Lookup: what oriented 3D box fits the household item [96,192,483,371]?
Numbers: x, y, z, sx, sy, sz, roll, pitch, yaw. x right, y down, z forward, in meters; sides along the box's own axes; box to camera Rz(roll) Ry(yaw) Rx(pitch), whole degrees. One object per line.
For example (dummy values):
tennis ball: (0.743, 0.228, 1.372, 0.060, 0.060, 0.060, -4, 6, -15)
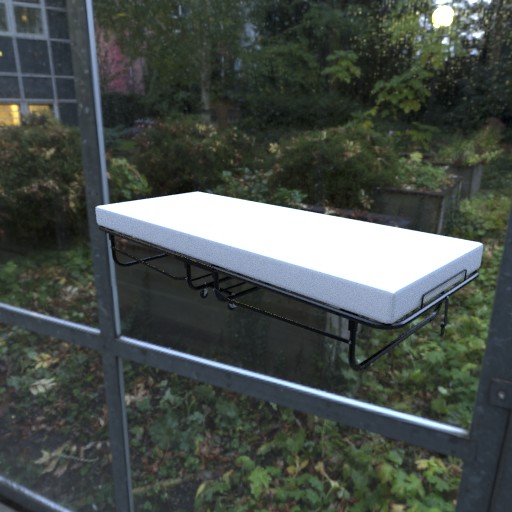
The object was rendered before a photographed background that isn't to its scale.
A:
household item: (0.000, 0.000, 2.208, 1.905, 0.356, 0.787, 16, 24, 42)
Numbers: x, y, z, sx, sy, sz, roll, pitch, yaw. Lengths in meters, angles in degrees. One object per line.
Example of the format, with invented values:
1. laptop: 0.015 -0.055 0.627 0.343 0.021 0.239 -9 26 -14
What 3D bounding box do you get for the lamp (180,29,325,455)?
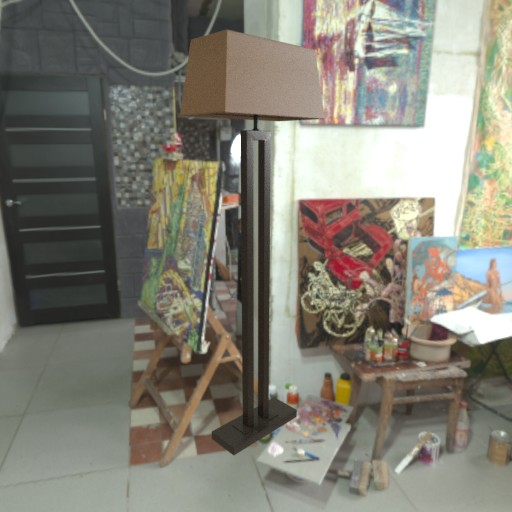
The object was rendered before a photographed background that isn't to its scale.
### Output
1. lamp: 0.000 0.000 1.664 0.475 1.469 0.233 -13 19 -42
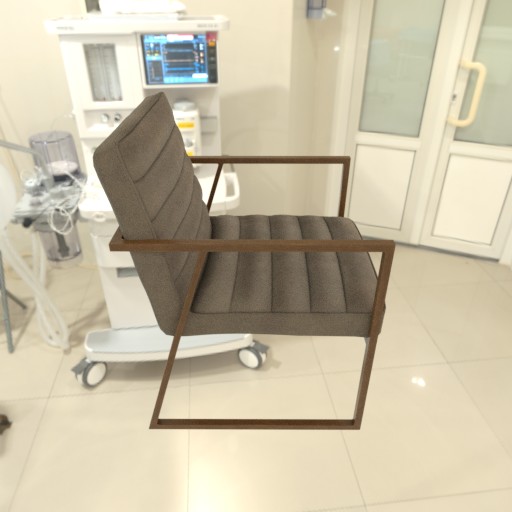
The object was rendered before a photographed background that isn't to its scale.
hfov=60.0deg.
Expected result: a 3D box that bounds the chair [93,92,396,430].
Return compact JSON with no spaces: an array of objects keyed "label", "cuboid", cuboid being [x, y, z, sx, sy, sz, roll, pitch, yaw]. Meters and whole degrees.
[{"label":"chair","cuboid":[0.000,0.000,1.323,0.682,0.843,0.578,0,32,0]}]
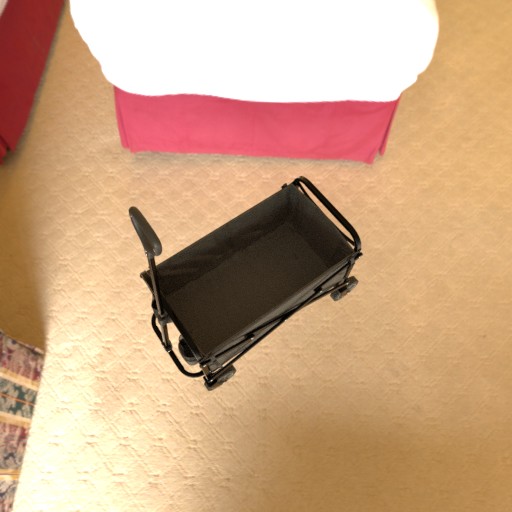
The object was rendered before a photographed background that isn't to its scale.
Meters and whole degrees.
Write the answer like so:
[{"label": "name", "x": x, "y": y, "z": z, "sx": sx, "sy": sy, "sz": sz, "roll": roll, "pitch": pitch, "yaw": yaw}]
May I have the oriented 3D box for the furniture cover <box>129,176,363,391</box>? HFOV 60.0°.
[{"label": "furniture cover", "x": 0.000, "y": 0.000, "z": 1.858, "sx": 1.038, "sy": 1.295, "sz": 0.532, "roll": -33, "pitch": 68, "yaw": -15}]
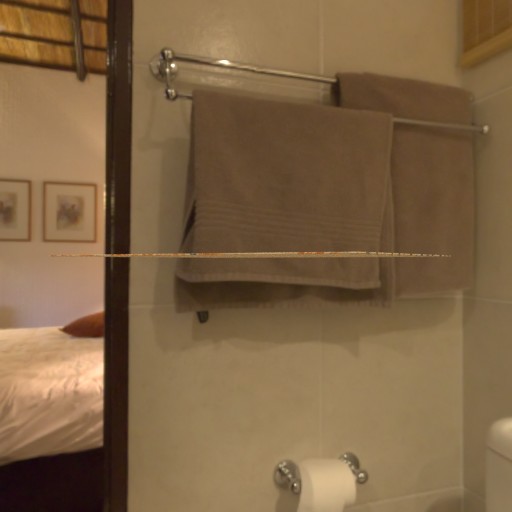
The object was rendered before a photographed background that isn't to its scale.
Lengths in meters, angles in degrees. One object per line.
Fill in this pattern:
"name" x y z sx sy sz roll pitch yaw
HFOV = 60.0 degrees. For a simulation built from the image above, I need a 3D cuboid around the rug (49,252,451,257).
"rug" 0.000 0.000 4.273 3.048 0.010 2.439 0 -1 34
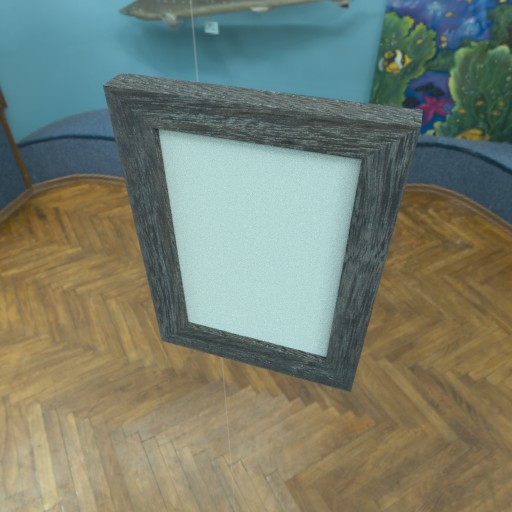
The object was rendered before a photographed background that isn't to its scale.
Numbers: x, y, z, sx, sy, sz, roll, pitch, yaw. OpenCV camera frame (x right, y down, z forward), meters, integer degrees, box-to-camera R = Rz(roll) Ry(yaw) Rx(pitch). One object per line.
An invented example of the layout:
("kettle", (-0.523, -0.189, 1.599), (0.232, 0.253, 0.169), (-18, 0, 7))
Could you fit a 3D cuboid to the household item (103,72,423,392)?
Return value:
("household item", (0.000, 0.000, 0.244), (0.133, 0.180, 0.020), (12, 43, 13))
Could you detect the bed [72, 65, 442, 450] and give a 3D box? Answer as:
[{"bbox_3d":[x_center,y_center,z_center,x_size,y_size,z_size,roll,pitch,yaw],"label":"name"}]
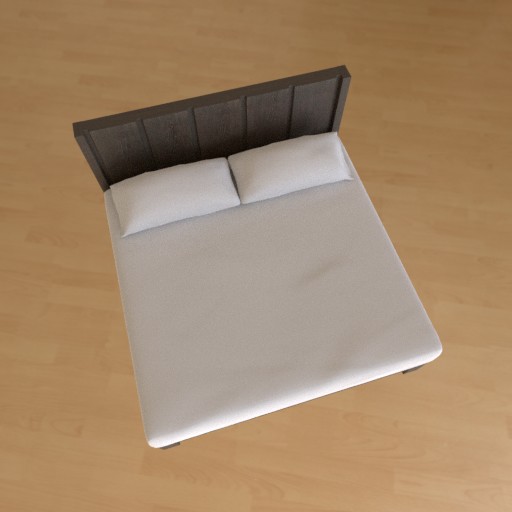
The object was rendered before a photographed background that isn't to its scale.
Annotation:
[{"bbox_3d":[0.000,0.000,3.447,2.143,1.261,2.238,-15,64,-7],"label":"bed"}]
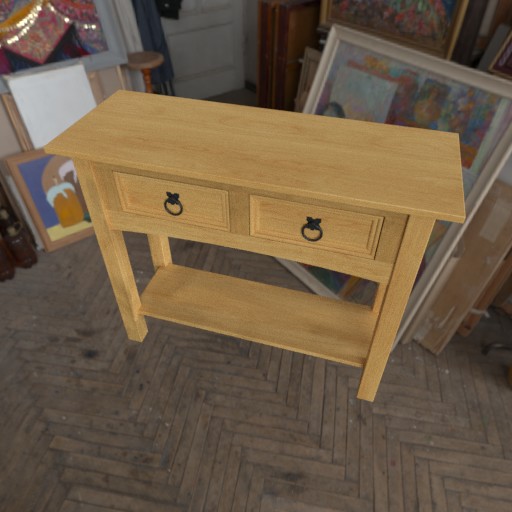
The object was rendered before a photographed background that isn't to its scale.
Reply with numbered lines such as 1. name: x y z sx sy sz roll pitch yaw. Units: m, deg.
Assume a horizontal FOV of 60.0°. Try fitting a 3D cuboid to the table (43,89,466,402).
1. table: 0.000 0.000 1.268 0.900 0.728 0.340 11 44 12
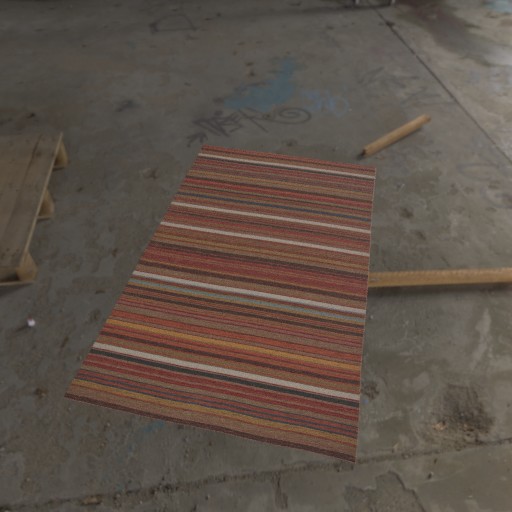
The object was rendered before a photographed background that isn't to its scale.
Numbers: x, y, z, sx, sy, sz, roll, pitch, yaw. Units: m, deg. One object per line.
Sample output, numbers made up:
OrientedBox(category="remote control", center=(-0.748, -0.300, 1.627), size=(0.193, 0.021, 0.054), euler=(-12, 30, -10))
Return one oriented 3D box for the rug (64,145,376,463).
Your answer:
OrientedBox(category="rug", center=(0.000, 0.000, 3.027), size=(1.523, 0.008, 2.438), euler=(9, 48, 9))
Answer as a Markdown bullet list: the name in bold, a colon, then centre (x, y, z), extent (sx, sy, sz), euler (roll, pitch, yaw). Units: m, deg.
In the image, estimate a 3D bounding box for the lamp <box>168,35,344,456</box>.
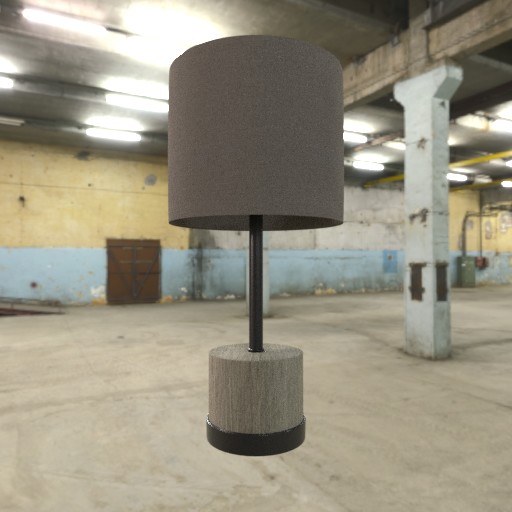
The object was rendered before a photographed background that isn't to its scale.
- **lamp**: centre (0.000, 0.000, 0.584), extent (0.229, 0.470, 0.229), euler (0, -1, 1)
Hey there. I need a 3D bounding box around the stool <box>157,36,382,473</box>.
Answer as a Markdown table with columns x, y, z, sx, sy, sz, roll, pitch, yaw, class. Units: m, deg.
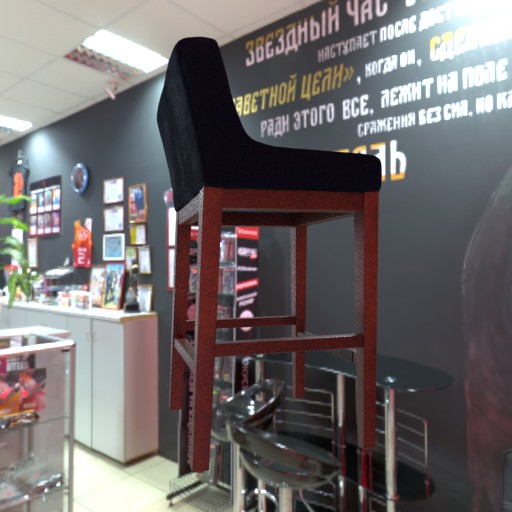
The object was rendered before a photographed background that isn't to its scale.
| x | y | z | sx | sy | sz | roll | pitch | yaw | class |
| --- | --- | --- | --- | --- | --- | --- | --- | --- | --- |
| 0.000 | 0.000 | 1.231 | 0.516 | 0.945 | 0.511 | 0 | -1 | -17 | stool |
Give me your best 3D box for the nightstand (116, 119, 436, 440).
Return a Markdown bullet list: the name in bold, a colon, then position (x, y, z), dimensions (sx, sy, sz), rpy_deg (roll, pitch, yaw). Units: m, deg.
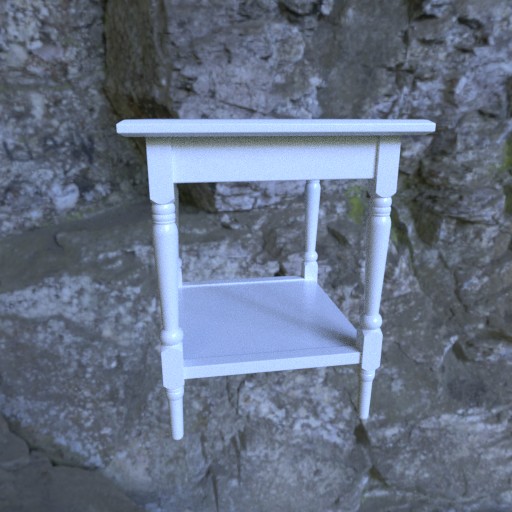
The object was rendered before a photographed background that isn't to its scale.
- **nightstand**: position (0.000, 0.000, 0.941), dimensions (0.459, 0.555, 0.505), rpy_deg (-3, 17, -9)

.....

Task:
Among the entries above, find the line with "Example of the format, with" and repeat exactly from there through the line with "0.169), (-18, 0, 7))", leaving out the pictures.

Exercise output:
Example of the format, with invented values:
1. laptop: 0.015 -0.055 0.627 0.343 0.021 0.239 -9 26 -14
What 3D bounding box do you get for the lamp (180,29,325,455)?
The object was rendered before a photographed background that isn't to its scale.
### Output
1. lamp: 0.000 0.000 1.664 0.475 1.469 0.233 -13 19 -42
The object was rendered before a photographed background that isn't to its scale.
hfov=60.0deg.
Expected result: a 3D box that bounds the chair [93,92,396,430].
Return compact JSON with no spaces: an array of objects keyed "label", "cuboid", cuboid being [x, y, z, sx, sy, sz, roll, pitch, yaw]. Meters and whole degrees.
[{"label":"chair","cuboid":[0.000,0.000,1.323,0.682,0.843,0.578,0,32,0]}]
The object was rendered before a photographed background that isn't to its scale.
Meters and whole degrees.
Write the answer like so:
[{"label": "name", "x": x, "y": y, "z": z, "sx": sx, "sy": sy, "sz": sz, "roll": roll, "pitch": pitch, "yaw": yaw}]
May I have the oriented 3D box for the furniture cover <box>129,176,363,391</box>? HFOV 60.0°.
[{"label": "furniture cover", "x": 0.000, "y": 0.000, "z": 1.858, "sx": 1.038, "sy": 1.295, "sz": 0.532, "roll": -33, "pitch": 68, "yaw": -15}]
The object was rendered before a photographed background that isn't to its scale.
Lengths in meters, angles in degrees. One object per line.
Fill in this pattern:
"name" x y z sx sy sz roll pitch yaw
HFOV = 60.0 degrees. For a simulation built from the image above, I need a 3D cuboid around the rug (49,252,451,257).
"rug" 0.000 0.000 4.273 3.048 0.010 2.439 0 -1 34
The object was rendered before a photographed background that isn't to its scale.
Numbers: x, y, z, sx, sy, sz, roll, pitch, yaw. OpenCV camera frame (x right, y down, z forward), meters, integer degrees, box-to-camera R = Rz(roll) Ry(yaw) Rx(pitch). One object per line.
An invented example of the layout:
("kettle", (-0.523, -0.189, 1.599), (0.232, 0.253, 0.169), (-18, 0, 7))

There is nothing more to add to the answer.